**Directions**
Scan the entries below and return each line that contains "track".

· · · · · · ·

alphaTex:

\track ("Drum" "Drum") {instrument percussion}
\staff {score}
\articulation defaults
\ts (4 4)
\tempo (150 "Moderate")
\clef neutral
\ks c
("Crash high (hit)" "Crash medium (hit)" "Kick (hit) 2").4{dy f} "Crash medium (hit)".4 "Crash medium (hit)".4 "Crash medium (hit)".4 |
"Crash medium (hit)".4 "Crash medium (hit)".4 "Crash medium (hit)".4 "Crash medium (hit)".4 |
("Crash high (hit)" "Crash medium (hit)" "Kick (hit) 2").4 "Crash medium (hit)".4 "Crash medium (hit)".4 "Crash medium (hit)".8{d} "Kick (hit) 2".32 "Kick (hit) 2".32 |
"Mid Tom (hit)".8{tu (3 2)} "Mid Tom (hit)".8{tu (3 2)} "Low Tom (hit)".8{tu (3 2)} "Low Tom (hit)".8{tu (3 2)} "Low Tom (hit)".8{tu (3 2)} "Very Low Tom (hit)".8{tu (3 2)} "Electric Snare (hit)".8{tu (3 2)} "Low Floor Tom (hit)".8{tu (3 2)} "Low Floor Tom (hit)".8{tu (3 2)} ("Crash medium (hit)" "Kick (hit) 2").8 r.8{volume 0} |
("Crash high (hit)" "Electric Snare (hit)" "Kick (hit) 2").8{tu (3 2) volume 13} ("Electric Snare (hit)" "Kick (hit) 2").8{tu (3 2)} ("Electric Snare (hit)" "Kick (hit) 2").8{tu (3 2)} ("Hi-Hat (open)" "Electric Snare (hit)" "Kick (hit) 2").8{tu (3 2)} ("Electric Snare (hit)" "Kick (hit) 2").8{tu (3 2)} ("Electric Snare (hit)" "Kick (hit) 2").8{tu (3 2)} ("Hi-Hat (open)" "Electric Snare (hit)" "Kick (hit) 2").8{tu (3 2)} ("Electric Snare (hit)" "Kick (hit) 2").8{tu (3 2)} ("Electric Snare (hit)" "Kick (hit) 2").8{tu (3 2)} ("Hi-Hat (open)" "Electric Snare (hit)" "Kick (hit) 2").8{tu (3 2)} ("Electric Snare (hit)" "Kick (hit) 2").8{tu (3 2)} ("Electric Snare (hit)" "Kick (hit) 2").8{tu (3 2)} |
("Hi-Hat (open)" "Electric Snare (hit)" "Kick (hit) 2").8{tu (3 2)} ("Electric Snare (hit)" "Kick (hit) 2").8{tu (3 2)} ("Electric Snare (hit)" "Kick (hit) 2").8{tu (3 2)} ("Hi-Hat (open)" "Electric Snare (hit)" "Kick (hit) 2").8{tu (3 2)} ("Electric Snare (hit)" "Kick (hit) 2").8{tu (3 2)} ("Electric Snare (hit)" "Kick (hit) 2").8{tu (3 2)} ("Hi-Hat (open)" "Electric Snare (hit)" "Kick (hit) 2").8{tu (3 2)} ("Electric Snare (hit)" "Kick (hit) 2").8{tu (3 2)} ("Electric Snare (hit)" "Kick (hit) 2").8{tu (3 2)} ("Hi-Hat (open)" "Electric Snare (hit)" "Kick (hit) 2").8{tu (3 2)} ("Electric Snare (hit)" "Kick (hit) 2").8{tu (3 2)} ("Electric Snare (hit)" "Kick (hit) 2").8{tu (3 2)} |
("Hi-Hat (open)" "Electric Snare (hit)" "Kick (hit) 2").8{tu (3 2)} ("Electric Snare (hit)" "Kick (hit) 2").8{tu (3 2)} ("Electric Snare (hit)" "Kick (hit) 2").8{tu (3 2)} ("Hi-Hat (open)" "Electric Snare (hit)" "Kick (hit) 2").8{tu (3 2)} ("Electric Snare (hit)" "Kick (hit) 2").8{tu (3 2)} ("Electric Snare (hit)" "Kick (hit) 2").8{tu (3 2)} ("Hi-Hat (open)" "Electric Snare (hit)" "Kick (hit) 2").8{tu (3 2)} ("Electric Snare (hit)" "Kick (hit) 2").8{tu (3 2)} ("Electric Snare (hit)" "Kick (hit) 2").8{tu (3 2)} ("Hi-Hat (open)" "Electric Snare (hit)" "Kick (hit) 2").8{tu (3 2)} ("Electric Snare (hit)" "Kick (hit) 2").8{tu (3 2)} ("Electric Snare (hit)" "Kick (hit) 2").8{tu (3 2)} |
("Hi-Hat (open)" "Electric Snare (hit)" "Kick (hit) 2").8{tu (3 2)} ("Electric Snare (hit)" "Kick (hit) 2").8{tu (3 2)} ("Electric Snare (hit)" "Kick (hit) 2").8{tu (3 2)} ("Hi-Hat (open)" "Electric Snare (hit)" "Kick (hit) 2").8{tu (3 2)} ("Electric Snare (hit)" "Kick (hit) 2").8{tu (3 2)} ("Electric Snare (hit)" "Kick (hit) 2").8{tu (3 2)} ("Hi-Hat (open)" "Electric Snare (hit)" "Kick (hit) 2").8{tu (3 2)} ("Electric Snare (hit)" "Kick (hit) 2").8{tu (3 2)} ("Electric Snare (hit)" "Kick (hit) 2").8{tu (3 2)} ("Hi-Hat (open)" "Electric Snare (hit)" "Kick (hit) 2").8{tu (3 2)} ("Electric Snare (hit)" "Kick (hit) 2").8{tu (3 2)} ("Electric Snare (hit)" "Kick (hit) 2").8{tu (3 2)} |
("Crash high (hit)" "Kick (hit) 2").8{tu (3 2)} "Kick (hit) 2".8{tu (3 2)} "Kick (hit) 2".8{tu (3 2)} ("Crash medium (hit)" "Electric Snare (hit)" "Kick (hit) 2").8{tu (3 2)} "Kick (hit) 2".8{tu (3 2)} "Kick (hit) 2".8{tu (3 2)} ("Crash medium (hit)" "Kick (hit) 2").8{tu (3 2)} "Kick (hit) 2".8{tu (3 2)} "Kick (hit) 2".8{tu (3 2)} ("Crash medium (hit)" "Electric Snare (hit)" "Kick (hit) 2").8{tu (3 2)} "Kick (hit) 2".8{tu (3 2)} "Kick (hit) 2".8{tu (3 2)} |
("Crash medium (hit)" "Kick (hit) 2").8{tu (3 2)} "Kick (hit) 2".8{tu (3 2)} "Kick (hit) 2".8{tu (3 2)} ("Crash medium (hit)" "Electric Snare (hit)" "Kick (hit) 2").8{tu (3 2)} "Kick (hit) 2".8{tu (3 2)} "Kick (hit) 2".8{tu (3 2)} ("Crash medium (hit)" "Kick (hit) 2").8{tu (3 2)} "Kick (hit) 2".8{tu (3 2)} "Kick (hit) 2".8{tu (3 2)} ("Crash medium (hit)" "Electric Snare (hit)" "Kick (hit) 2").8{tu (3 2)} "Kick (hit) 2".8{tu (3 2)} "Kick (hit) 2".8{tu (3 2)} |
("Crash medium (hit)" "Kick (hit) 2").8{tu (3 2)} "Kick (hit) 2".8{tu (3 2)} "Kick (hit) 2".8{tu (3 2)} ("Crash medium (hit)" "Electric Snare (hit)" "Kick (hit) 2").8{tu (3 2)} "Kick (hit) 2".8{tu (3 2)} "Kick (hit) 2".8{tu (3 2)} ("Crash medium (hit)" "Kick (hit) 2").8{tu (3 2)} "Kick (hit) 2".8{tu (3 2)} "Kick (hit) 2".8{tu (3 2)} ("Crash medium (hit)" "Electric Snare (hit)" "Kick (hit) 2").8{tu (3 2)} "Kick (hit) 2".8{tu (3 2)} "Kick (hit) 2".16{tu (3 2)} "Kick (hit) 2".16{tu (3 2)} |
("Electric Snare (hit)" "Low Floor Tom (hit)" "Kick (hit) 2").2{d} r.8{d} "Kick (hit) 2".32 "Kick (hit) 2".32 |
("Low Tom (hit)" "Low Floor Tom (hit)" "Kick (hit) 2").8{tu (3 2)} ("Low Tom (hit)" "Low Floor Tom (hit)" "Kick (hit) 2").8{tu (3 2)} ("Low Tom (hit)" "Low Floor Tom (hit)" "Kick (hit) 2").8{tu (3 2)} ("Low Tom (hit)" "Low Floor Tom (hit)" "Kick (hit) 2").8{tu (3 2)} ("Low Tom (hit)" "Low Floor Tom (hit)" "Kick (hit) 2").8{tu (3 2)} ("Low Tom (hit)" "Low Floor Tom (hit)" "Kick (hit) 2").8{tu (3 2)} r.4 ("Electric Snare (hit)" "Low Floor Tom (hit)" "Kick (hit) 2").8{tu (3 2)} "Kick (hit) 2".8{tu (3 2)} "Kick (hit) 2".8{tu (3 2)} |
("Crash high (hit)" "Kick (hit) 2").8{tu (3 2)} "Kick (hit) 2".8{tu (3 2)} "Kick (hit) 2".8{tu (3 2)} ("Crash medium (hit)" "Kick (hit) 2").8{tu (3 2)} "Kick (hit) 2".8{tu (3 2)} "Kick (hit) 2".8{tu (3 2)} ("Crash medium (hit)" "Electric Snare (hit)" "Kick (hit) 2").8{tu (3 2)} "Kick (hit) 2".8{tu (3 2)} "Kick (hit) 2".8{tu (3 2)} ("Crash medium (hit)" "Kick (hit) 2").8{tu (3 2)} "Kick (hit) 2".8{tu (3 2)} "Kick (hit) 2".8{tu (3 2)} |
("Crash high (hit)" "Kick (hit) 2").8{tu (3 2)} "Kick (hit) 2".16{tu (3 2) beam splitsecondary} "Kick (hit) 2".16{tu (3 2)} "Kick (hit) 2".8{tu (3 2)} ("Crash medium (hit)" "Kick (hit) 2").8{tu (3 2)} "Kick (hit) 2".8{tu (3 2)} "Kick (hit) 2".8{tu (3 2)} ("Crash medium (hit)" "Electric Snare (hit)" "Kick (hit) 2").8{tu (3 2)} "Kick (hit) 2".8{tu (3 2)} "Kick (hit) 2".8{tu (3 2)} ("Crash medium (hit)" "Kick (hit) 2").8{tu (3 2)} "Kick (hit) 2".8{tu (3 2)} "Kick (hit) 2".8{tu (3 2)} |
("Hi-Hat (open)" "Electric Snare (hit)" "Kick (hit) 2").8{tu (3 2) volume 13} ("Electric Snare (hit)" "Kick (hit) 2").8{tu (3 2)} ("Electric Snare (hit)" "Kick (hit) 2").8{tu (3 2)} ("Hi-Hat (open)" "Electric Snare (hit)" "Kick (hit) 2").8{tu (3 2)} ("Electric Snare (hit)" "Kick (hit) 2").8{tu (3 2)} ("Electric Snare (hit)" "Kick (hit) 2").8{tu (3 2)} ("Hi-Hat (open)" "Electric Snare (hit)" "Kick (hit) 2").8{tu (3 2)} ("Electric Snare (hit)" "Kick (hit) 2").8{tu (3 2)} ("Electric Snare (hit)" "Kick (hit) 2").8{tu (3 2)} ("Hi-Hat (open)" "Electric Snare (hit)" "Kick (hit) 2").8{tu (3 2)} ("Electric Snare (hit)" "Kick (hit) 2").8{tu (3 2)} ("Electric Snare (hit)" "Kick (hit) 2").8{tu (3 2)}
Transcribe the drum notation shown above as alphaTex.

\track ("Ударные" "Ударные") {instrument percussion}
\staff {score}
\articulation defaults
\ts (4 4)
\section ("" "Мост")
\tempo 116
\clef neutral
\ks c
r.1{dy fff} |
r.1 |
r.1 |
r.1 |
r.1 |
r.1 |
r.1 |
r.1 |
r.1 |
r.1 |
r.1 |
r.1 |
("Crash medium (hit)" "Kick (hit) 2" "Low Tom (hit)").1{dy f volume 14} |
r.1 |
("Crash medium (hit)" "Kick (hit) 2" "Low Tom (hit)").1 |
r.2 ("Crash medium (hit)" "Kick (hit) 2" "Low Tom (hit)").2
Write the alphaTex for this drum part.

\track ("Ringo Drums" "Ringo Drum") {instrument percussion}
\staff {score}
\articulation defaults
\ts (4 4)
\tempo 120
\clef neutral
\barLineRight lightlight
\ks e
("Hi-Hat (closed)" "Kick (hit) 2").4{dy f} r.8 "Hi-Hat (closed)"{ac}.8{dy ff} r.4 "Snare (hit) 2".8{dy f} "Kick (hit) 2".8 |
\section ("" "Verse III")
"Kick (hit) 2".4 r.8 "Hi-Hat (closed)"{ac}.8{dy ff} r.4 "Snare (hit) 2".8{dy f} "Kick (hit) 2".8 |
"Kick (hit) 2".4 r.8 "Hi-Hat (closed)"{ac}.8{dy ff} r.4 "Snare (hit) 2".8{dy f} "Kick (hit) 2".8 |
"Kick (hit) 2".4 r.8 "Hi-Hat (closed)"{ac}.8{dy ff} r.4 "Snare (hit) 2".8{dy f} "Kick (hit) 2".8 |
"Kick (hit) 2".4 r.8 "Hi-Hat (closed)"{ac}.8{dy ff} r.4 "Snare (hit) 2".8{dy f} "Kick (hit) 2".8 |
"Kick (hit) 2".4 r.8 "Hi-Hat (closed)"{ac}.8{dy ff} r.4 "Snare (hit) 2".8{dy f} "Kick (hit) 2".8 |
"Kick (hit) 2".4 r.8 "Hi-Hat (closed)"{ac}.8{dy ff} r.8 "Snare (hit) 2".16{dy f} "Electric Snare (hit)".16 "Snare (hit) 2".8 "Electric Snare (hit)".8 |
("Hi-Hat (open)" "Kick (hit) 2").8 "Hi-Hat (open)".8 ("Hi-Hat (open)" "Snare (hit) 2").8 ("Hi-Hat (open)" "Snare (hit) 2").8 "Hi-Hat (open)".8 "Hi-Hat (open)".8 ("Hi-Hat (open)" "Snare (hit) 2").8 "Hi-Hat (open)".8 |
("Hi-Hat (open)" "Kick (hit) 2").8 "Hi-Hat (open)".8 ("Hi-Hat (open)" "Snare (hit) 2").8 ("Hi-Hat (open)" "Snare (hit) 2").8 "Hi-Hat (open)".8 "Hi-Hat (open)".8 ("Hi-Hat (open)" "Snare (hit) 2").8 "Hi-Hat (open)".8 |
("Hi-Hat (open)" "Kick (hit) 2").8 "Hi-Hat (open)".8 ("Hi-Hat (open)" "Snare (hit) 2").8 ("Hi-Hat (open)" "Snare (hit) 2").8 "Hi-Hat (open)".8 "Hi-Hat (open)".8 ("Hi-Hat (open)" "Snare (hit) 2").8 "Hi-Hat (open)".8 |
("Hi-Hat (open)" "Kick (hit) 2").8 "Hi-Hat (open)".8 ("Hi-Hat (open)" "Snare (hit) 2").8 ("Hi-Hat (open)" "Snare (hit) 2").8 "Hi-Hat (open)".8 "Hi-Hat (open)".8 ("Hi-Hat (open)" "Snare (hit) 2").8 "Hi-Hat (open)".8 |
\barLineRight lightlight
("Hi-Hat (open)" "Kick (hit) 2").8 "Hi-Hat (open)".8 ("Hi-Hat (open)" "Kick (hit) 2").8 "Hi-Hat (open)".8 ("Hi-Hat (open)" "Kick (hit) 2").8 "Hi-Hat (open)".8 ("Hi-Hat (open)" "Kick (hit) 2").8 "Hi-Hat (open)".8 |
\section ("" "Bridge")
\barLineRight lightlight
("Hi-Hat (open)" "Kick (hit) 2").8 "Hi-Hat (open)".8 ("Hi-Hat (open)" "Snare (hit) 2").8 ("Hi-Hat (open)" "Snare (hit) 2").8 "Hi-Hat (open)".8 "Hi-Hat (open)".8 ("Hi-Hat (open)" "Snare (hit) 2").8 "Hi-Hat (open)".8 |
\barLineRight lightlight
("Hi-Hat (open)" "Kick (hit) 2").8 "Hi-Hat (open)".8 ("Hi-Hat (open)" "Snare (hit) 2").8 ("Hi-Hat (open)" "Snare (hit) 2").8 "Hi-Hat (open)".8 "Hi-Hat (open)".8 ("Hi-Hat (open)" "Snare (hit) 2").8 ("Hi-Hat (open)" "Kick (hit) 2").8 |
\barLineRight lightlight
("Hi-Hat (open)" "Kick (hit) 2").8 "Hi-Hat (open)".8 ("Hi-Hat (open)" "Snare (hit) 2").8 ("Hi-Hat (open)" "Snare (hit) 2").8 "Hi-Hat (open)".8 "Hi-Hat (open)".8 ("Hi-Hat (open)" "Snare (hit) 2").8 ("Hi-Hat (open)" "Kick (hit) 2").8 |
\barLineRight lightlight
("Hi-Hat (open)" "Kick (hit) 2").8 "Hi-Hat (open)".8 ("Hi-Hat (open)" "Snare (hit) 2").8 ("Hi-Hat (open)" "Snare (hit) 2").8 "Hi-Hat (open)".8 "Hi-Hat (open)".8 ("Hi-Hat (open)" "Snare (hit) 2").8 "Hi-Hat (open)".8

· · · · · · ·

**Completed exercise**
\track ("Drum" "Drum") {instrument percussion}
\track ("Ударные" "Ударные") {instrument percussion}
\track ("Ringo Drums" "Ringo Drum") {instrument percussion}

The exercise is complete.